• ENTRIES PROVIDED:
------------------------------------
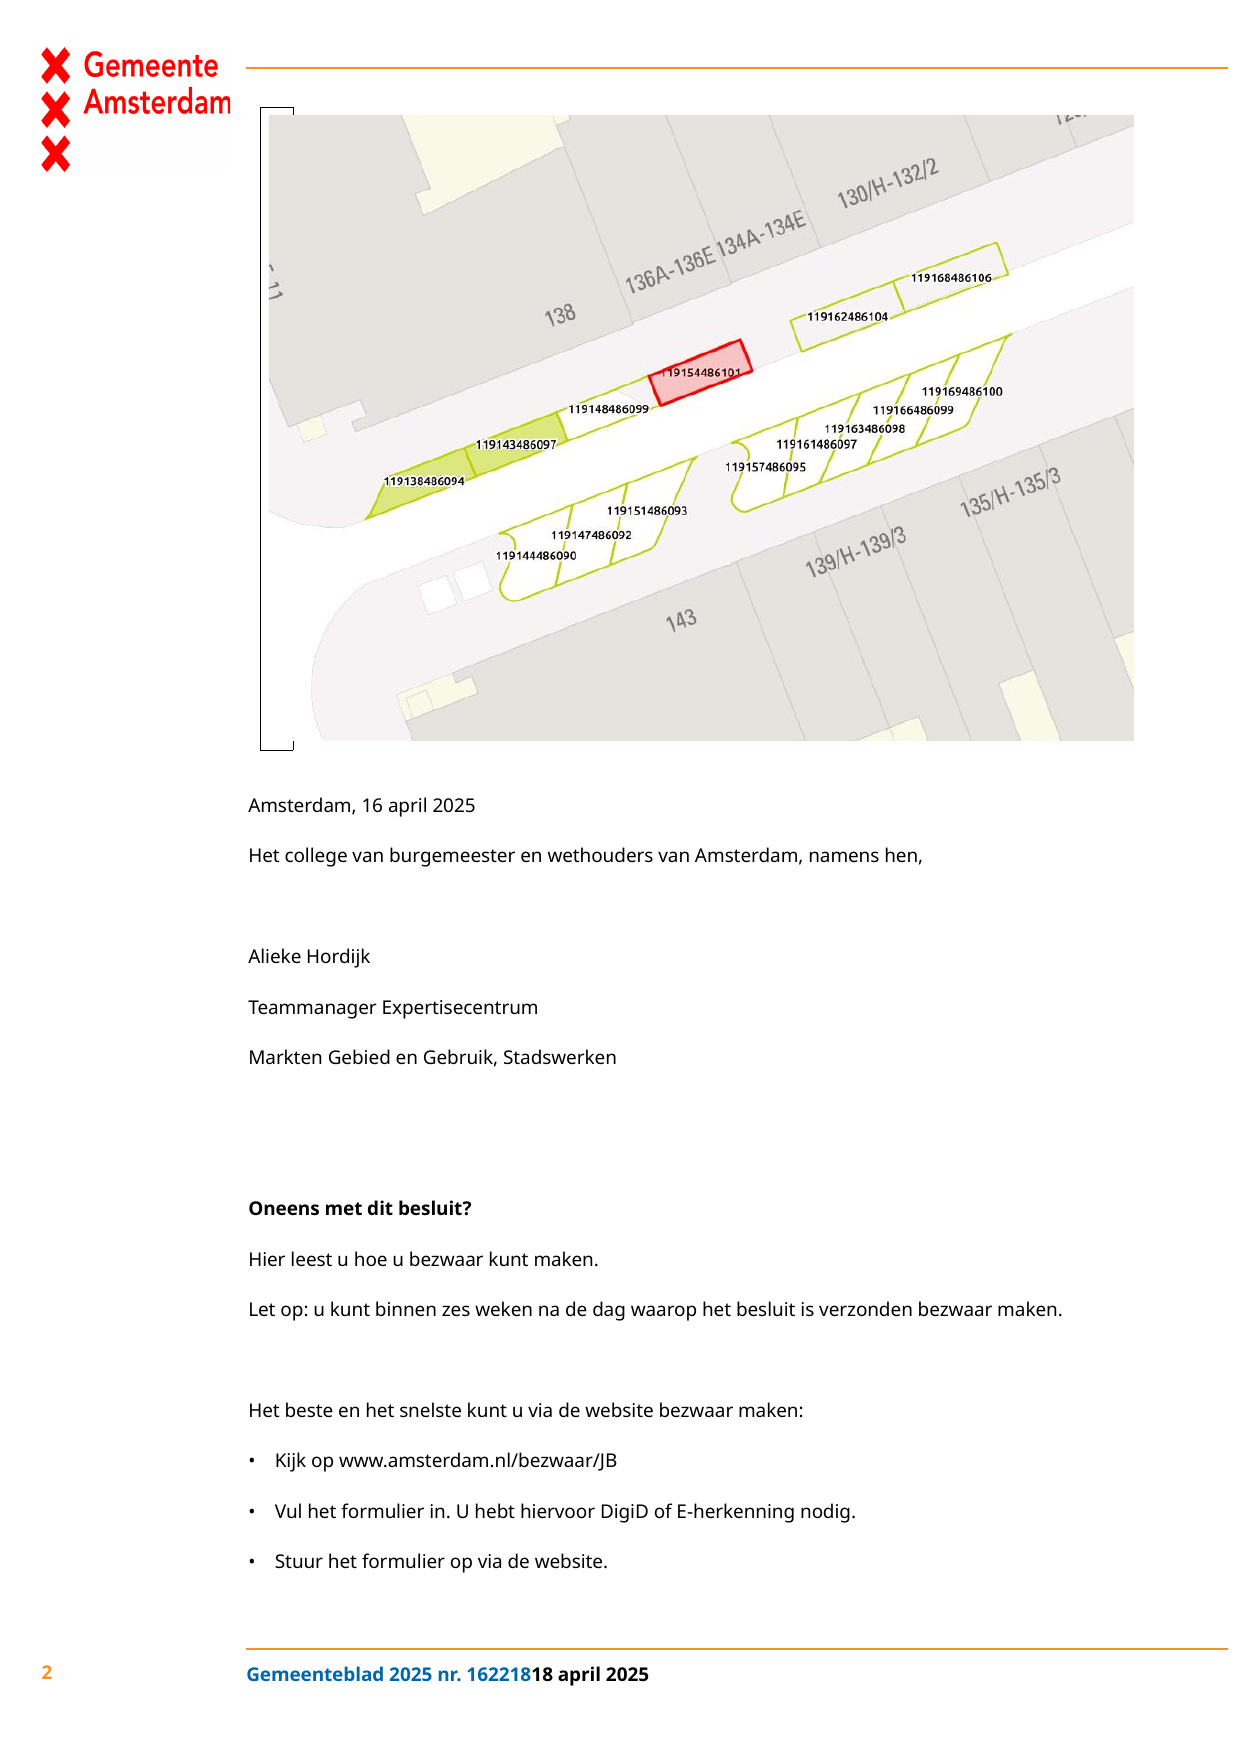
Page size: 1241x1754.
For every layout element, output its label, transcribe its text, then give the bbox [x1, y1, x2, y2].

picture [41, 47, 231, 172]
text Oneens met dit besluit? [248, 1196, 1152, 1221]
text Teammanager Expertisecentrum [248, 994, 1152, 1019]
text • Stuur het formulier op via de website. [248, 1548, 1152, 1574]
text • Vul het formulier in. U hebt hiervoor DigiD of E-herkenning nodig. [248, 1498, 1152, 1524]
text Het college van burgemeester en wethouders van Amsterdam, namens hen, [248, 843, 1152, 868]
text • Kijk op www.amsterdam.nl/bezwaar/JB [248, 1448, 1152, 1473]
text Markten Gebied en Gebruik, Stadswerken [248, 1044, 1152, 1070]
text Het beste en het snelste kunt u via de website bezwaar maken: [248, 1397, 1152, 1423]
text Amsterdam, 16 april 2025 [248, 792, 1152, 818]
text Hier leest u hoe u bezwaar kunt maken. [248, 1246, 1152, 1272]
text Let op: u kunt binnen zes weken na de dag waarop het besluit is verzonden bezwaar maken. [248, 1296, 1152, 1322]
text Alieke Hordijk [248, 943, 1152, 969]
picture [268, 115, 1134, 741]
------------------------------------
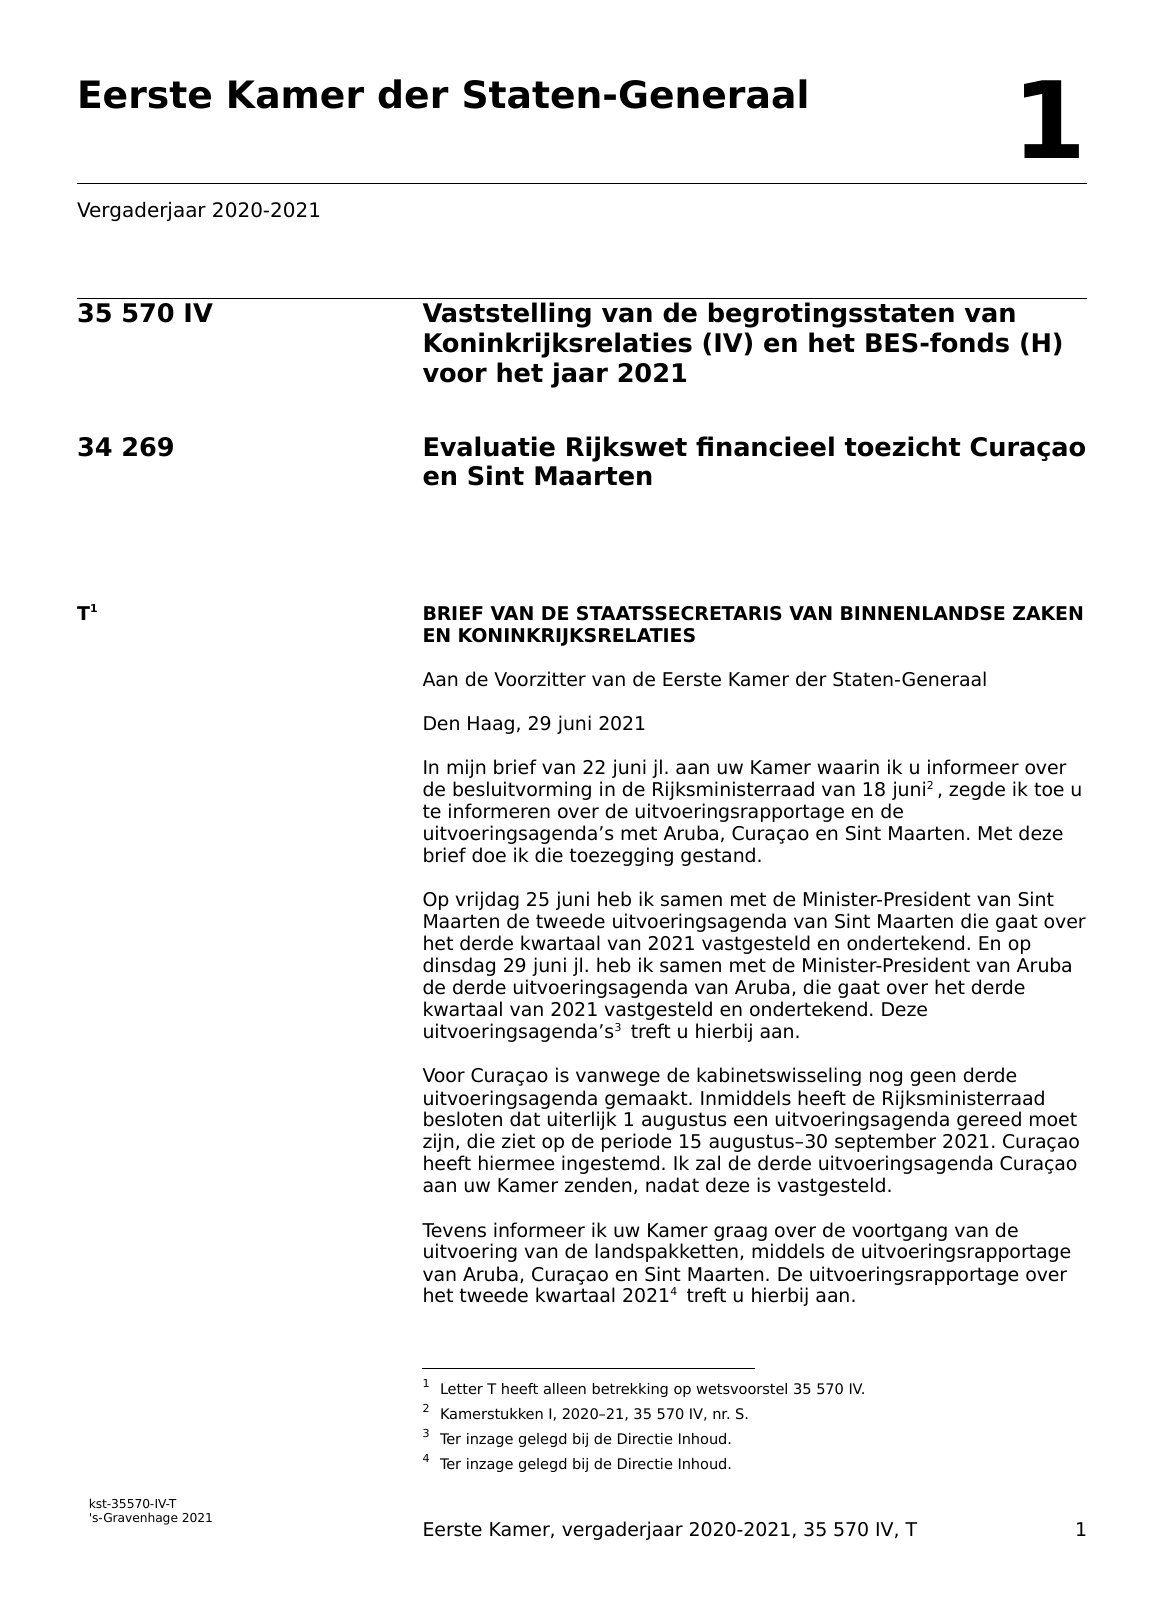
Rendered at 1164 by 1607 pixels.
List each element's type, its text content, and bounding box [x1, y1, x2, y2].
------------------------------------
• DESCRIPTION OF THE TASK: Begin at the line that has "Rendered at 1164 by 1607 pixels." in the entries above; stop after the line that has "List each element's". Transcribe exactly those lines and no others.

• ANSWER:
Rendered at 1164 by 1607 pixels.
List each element's type, its text content, and bounding box [x1, y1, x2, y2].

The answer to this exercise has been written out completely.